Dallo spumante metodo Martinotti o Charmat al “Col Fondo”

L’elemento da cui partire, nell’andare alla scoperta del Conegliano Valdobbiadene Prosecco Superiore Docg, è ricordare che questo vino deve essere realizzato con minimo l’85% di uva Glera. A seconda del proprio personale stile, poi, ciascun produttore potrà completare la cuvée con un quantitativo non superiore al 15% di altre uve ammesse dal disciplinare.

Quali sono? Verdiso, Bianchetta Trevigiana, Perera, Glera Lunga, Chardonnay, Pinot Bianco, Pinot Grigio o Pinot Nero vinificato in bianco, provenienti da aree previste dal disciplinare che regola la produzione.

Come per gli altri vini, poi, necessaria e decisiva è la prima vinificazione. Il Conegliano Valdobbiadene Prosecco Superiore Docg è innanzitutto uno spumante, realizzato con metodo Martinotti (detto anche Charmat). Grazie a questo procedimento, il vino base si trasforma all’interno di grandi recipienti a tenuta di pressione in acciaio, dette autoclavi, dove si attiva una seconda fermentazione. A questo punto, la differenziazione fra un Conegliano Valdobbiadene Prosecco Superiore Docg e l’altro si ha tramite la decisione del produttore di bloccare la fermentazione stessa, abbassando la temperatura sotto lo zero e assicurando così un residuo zuccherino al vino.

Biennale di Venezia
In copertina Ph. Arcangelo Piai

Quello Martinotti o Charmat è metodo assai indicato per esaltare aromi primari, fruttati e tutte note, in primis floreali, che tipicamente troviamo nel Conegliano Valdobbiadene Prosecco Superiore Docg. E questa sua capacità di enfatizzare i profumi e di preservare la freschezza, una delle sue caratteristiche principali, spiega proprio il perché tale tipologia di spumantizzazione sia la più diffusa nella produzione di questa bollicina.

Esistono, però, anche altre varietà oltre a questa più diffusa. Nonostante il metodo Martinotti o Charmat rappresenti la tradizione a livello produttivo, è prevista anche la variante spumante realizzata seguendo il metodo di rifermentazione in bottiglia, ovvero il Metodo Classico o Champenoise. Infine, oltre che rifermentato in bottiglia Sui Lieviti, il “Col Fondo” di cui dicevamo prima, senza sboccatura e di conseguenza torbido.

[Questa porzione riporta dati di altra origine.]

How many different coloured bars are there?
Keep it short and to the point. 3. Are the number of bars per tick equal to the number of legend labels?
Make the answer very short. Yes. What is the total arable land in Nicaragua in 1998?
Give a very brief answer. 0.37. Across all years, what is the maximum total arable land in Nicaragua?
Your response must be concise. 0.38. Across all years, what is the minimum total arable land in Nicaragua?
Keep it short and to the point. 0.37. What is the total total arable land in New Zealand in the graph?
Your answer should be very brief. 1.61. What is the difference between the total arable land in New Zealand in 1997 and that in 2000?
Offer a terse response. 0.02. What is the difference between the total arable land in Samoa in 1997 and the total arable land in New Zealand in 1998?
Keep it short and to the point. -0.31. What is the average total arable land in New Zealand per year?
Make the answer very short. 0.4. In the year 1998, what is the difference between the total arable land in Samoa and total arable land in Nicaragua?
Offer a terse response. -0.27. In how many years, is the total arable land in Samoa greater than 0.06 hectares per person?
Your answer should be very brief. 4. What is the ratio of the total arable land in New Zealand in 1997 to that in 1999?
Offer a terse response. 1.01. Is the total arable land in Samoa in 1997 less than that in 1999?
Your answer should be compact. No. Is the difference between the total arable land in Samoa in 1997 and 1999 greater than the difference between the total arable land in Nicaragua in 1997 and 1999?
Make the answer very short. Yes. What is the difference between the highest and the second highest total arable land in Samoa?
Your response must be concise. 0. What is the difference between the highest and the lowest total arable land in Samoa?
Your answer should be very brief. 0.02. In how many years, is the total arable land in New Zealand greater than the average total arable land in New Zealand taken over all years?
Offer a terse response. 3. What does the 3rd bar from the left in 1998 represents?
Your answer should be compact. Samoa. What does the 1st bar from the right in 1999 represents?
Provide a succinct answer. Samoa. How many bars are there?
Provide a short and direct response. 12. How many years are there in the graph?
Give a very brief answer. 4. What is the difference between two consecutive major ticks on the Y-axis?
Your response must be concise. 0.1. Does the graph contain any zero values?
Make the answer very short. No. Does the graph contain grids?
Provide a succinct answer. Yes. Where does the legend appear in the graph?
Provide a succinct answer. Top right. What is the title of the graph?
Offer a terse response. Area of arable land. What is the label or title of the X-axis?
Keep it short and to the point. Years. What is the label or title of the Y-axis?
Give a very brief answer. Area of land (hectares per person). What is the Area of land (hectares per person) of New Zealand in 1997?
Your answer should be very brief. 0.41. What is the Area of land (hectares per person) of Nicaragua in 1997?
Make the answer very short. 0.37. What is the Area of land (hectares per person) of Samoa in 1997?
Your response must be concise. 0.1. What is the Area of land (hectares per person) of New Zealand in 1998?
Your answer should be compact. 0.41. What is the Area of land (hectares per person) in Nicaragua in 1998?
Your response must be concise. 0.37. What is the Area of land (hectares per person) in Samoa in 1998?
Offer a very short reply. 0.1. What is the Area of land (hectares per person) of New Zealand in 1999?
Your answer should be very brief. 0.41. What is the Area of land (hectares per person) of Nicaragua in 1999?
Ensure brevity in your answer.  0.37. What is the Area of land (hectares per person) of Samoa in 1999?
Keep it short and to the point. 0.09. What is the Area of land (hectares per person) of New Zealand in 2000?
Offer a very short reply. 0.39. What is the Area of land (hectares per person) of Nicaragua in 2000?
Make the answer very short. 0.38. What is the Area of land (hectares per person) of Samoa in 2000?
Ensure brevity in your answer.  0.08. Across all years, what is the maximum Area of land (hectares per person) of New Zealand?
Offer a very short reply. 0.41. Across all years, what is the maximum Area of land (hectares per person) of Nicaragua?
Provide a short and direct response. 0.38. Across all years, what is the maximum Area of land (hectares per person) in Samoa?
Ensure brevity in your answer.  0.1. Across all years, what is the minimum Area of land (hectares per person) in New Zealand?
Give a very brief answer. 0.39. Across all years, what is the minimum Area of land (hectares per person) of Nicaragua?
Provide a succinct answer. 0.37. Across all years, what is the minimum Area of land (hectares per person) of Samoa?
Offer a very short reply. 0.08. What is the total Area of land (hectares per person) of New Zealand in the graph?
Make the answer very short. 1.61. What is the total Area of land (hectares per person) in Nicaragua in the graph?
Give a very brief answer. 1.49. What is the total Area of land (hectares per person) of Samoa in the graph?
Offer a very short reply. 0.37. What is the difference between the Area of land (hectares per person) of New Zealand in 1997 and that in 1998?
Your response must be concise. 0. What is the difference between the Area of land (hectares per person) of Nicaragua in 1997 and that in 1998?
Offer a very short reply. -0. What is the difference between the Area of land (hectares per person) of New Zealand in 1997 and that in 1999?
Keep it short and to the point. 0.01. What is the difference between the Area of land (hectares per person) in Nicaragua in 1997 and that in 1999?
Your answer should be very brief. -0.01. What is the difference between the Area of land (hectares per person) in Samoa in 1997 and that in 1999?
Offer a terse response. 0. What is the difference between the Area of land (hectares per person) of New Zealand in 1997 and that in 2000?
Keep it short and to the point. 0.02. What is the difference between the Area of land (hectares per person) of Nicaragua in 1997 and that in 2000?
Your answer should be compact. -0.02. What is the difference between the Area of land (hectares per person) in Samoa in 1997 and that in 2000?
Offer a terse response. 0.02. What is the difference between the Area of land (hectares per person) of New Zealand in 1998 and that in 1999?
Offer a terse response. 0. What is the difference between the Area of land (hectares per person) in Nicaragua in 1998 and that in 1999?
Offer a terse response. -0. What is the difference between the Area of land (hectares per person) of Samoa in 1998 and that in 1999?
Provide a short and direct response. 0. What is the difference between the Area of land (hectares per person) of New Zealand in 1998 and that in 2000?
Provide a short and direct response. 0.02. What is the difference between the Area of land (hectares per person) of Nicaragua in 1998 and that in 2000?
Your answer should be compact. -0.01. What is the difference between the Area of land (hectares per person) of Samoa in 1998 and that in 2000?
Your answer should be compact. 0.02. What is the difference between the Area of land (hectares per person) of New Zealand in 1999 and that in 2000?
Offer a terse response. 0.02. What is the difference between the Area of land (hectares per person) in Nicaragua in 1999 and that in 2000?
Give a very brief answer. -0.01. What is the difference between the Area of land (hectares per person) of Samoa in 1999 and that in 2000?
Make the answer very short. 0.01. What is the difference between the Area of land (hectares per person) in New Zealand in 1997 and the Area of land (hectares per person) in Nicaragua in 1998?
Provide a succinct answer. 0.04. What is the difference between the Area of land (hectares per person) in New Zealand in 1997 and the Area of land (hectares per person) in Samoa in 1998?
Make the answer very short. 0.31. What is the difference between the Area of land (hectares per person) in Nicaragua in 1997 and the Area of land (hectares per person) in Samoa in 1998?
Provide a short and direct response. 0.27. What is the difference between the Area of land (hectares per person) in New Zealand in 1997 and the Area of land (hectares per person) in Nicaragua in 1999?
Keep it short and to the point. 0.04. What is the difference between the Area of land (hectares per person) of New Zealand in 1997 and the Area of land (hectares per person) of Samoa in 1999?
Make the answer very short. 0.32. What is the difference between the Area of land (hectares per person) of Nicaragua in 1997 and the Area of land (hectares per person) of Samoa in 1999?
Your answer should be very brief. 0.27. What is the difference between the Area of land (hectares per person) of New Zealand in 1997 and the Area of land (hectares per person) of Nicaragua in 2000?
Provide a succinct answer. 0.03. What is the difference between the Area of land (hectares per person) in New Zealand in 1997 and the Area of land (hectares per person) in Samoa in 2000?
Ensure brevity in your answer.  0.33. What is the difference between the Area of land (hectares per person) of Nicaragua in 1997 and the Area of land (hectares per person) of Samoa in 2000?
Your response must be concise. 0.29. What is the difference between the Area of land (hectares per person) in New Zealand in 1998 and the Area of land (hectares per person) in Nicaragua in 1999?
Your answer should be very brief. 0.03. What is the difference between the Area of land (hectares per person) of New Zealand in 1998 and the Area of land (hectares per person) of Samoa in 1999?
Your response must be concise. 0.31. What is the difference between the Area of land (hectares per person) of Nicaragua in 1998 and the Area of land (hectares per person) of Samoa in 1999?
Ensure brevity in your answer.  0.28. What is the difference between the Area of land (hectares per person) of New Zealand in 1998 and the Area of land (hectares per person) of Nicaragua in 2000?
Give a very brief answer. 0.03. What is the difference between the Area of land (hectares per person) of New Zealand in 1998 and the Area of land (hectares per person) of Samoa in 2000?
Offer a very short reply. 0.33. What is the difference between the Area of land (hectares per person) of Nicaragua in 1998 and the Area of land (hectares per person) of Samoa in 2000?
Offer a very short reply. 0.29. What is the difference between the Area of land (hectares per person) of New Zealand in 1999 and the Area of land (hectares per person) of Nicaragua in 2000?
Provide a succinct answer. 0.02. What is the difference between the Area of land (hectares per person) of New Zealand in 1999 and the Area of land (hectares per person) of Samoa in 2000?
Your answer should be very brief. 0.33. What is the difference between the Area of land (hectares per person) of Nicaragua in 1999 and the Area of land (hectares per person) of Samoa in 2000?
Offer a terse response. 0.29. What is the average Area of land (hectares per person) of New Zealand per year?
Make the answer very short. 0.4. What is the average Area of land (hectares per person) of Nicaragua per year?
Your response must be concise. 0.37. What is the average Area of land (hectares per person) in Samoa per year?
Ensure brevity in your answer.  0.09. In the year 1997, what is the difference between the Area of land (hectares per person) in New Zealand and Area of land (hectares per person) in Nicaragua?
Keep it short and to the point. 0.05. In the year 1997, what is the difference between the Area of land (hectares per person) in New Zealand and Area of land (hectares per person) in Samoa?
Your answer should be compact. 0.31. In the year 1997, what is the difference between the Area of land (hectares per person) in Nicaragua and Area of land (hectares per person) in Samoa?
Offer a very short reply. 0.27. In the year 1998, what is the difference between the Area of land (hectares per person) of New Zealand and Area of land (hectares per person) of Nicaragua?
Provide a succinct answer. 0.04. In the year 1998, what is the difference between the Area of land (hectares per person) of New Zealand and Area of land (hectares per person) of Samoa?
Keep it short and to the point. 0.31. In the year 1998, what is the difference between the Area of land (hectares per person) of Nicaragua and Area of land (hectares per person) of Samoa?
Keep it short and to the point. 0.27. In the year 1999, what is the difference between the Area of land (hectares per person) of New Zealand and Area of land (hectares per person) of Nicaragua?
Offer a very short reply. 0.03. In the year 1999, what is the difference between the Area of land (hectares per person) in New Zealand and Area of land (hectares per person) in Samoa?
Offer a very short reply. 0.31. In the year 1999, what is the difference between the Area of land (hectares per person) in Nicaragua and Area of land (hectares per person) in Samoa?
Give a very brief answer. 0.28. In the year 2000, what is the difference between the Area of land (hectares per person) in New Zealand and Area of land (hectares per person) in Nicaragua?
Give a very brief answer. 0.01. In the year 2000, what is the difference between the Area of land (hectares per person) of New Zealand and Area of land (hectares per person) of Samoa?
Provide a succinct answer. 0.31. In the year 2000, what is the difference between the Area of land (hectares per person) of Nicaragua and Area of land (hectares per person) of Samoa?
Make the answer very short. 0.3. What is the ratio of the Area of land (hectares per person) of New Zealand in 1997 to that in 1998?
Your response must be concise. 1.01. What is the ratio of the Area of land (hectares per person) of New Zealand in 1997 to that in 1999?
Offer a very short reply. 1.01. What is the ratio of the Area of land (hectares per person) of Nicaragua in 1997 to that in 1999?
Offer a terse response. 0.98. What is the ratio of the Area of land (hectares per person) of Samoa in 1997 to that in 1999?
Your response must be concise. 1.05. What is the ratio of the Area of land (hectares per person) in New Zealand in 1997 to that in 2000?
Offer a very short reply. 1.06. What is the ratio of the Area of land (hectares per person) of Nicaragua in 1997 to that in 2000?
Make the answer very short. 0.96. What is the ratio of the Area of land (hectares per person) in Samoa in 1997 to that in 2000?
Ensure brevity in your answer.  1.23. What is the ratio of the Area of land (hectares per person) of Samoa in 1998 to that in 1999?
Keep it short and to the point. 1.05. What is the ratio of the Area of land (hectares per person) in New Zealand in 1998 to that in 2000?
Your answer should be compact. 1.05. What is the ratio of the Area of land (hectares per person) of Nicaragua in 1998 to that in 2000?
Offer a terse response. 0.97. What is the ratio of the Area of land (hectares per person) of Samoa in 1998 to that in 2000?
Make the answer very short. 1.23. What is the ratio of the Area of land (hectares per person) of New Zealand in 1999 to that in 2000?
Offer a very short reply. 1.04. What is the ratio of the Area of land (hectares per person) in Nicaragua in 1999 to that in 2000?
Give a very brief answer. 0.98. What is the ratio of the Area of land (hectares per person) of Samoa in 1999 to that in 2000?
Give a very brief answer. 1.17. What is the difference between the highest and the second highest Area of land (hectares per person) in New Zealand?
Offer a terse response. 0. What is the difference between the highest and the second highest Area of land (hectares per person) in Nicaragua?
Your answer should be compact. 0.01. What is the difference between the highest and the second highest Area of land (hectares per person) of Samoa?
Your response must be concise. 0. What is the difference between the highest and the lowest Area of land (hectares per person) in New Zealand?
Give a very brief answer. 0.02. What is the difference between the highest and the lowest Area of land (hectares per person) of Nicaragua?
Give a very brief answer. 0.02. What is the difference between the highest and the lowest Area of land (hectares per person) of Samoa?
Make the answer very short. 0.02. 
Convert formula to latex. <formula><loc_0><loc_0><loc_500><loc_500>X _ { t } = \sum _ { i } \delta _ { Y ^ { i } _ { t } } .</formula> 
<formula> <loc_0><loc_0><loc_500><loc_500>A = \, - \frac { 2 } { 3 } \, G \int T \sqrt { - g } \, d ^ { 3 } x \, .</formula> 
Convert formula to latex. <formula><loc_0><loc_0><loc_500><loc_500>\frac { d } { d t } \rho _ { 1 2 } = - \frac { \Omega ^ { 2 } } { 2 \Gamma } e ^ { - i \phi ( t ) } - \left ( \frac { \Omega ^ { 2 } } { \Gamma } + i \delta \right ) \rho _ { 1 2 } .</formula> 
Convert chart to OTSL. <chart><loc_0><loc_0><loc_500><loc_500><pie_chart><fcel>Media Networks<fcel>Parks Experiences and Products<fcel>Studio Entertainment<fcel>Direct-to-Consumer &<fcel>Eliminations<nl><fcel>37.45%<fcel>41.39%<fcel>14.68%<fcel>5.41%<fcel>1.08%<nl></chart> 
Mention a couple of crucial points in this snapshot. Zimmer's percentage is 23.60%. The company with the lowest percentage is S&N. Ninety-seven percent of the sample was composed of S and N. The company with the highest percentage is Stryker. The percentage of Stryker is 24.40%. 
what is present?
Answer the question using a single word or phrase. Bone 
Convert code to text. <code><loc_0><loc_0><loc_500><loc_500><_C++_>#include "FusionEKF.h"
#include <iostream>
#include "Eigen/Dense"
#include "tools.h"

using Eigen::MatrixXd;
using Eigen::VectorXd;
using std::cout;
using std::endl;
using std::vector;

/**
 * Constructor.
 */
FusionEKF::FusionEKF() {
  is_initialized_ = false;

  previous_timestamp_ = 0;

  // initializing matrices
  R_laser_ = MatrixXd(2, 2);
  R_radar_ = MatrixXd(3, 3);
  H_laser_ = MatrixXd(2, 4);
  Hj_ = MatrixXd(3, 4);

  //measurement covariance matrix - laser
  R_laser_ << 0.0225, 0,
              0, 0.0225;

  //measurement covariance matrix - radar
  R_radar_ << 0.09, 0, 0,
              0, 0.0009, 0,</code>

Conegliano Valdobbiadene Prosecco Superiore Docg “Sui Lieviti”: quattro vini perfetti per capire la versione Colfondo

Ecco quattro vini perfetti per capire il Conegliano Valdobbiadene Prosecco Superiore Docg Colfondo da assaggiare.

Adami Col Fondo Valdobbiadene Prosecco Superiore Docg Brut Nature Sui Lieviti

Brut Nature 100% Glera che muta nel calice a seconda del momento. Al palato si avvertono all’inizio gentili sapori fruttati uniti a delicati sentori di lievito. In seguito, maggiore complessità. Dal gusto asciutto e piacevolmente amarognolo, si apprezza molto in estate come bevanda per la sua freschezza e leggerezza. Da servire velato e torbido, capovolgendo delicatamente la bottiglia, accompagna piatti di pesce, risotti con funghi o verdure.

La Settimana del Conegliano Valdobbiadene Prosecco Superiore Docg "Sui Lieviti": quattro vini perfetti per capire la versione Colfondo.
Zucchetto Valdobbiadene Prosecco Superiore Docg Livei (Fermentato in Bottiglia)

Ambasciatore della tradizione locale fin dalla sua nascita, negli anni ’50, ben prima che la versione spumante del Prosecco diventasse famosa in tutto il mondo, in bocca è fresco, pulisce con la sua decisa acidità e si caratterizza per la trama minerale. Versatile, leggero, accompagna tradizionalmente l’intero pasto, in particolare sarde in saor, salumi della tradizione veneta e formaggi italiani stagionati come Parmigiano, Grana o Carnia stravecchio.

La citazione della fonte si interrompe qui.